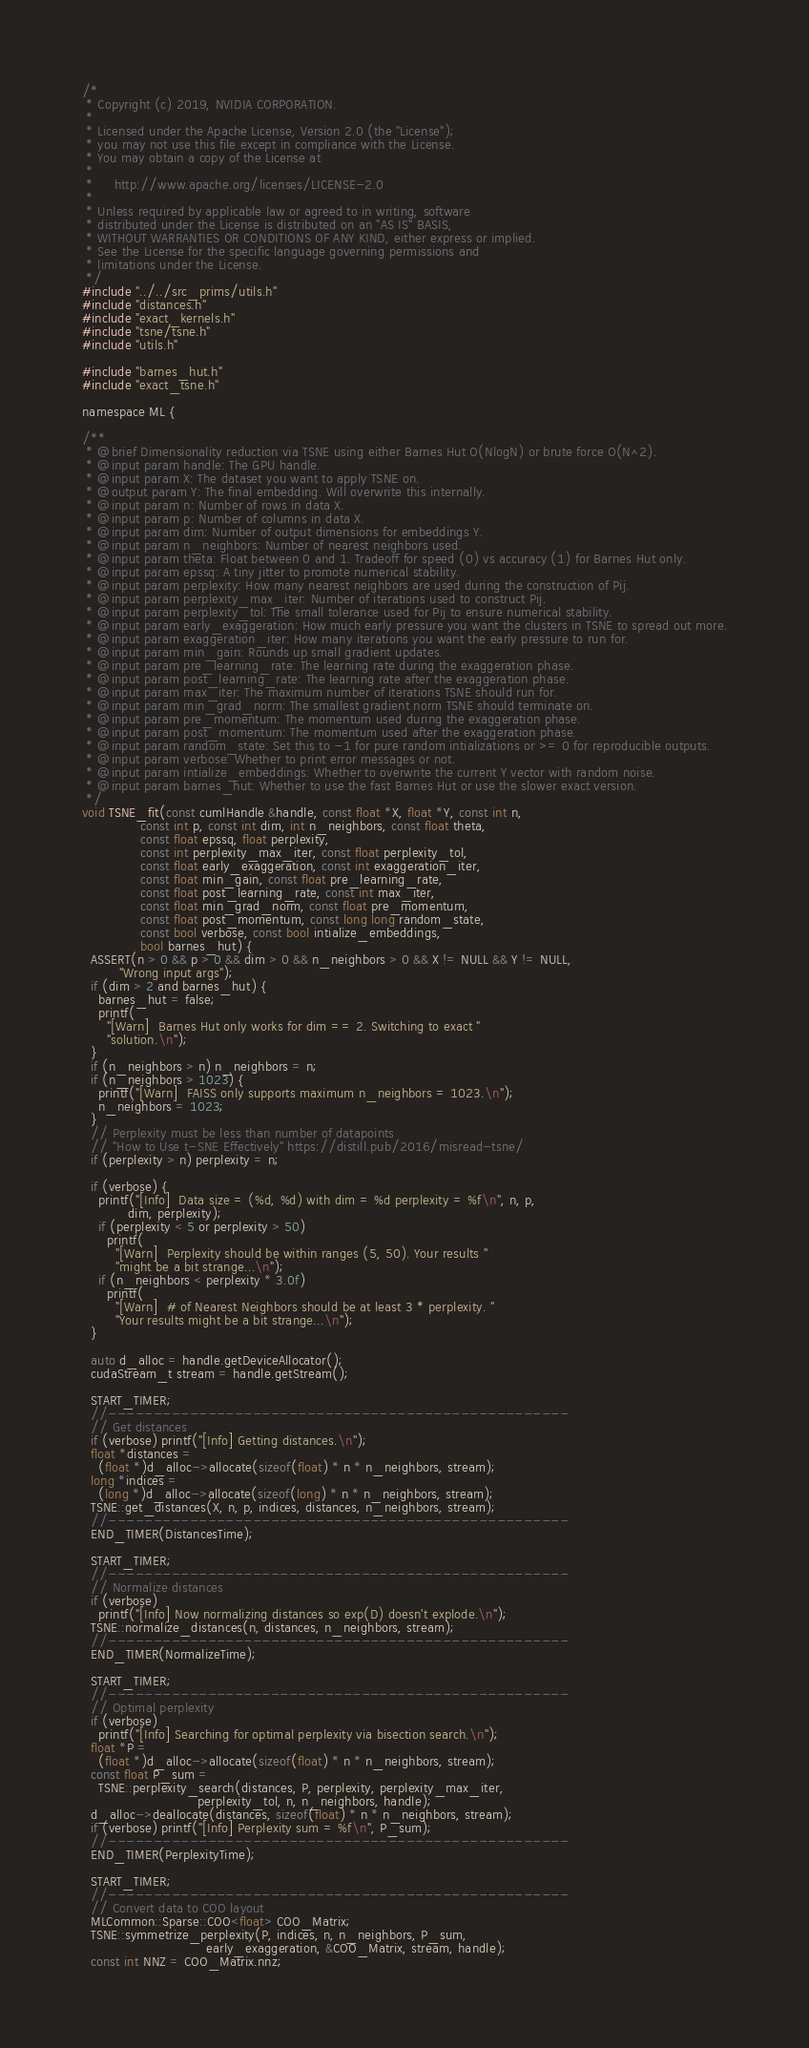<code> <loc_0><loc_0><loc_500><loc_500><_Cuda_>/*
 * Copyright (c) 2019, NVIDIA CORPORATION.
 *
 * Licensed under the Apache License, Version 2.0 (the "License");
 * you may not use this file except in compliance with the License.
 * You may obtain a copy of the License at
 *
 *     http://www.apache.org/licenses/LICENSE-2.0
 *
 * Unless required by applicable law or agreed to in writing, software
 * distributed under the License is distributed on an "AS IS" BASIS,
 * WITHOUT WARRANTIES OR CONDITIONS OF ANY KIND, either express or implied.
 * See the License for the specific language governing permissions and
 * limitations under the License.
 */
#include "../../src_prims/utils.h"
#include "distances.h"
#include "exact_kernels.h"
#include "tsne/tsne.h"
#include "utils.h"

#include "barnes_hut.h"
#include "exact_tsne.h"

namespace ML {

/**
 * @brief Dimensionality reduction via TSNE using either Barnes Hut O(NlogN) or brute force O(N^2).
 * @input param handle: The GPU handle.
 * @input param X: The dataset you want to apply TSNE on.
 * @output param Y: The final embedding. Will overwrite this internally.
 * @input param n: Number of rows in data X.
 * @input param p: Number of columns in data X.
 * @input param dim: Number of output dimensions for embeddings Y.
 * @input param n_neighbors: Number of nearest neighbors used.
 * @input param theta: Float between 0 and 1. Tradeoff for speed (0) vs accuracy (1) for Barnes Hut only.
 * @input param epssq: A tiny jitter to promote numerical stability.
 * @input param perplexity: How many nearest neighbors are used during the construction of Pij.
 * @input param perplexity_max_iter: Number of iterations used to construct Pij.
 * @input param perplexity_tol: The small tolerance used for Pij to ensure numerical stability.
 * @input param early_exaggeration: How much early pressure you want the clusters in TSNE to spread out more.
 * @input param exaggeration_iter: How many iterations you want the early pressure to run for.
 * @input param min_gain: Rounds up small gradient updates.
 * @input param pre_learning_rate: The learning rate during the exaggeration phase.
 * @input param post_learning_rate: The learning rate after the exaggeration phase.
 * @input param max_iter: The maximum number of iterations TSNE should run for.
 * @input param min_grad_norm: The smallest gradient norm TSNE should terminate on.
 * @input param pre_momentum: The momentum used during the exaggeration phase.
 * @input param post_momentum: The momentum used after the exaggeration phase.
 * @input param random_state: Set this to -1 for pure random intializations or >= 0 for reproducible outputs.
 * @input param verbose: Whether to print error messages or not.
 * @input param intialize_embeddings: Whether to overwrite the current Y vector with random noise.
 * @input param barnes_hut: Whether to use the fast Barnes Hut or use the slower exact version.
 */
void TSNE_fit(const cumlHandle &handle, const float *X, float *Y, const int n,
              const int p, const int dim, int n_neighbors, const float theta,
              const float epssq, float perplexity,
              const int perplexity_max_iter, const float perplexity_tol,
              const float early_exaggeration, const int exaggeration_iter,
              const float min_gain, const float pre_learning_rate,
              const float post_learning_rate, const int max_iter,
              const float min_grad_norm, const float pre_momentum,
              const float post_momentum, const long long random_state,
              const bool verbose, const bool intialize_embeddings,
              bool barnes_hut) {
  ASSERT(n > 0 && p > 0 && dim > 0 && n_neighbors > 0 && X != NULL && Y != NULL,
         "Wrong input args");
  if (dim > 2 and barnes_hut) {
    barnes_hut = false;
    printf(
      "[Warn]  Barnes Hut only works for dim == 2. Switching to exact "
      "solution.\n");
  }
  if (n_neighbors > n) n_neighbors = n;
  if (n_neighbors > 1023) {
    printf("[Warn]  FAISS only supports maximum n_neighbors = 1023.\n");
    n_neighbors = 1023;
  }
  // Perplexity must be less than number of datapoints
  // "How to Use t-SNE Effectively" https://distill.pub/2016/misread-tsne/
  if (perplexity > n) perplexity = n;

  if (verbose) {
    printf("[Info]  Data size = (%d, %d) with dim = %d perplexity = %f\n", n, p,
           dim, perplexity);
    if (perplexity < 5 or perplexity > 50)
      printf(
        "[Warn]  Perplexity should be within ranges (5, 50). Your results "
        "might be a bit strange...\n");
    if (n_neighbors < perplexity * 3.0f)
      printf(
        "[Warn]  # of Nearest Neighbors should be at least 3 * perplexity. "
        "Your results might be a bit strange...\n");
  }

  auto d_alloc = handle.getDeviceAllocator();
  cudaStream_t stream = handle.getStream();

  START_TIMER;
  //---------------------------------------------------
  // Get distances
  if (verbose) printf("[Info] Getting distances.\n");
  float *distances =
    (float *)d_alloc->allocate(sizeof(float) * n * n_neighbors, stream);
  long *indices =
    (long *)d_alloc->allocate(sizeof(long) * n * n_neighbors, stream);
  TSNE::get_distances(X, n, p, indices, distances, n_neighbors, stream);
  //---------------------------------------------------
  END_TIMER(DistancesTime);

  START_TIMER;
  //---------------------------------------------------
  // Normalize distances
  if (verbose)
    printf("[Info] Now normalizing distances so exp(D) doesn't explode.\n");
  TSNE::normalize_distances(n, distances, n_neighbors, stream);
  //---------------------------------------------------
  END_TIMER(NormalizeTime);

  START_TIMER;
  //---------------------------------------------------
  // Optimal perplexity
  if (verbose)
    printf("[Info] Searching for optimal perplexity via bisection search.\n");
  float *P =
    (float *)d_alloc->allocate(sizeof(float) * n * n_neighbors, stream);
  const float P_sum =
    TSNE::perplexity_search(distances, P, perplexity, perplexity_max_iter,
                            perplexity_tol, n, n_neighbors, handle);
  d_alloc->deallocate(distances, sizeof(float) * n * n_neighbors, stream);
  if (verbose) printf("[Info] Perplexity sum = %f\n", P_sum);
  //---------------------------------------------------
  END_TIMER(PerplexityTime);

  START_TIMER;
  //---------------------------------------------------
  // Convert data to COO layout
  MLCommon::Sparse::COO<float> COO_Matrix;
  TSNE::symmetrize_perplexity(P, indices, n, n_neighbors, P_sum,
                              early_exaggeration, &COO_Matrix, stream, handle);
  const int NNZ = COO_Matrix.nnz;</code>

○ ○ ○ ○ ○

> **Requirement**
Search the entries for the word "either" and gather every line where it appears.

> **Output for this task**
 * WITHOUT WARRANTIES OR CONDITIONS OF ANY KIND, either express or implied.
 * @brief Dimensionality reduction via TSNE using either Barnes Hut O(NlogN) or brute force O(N^2).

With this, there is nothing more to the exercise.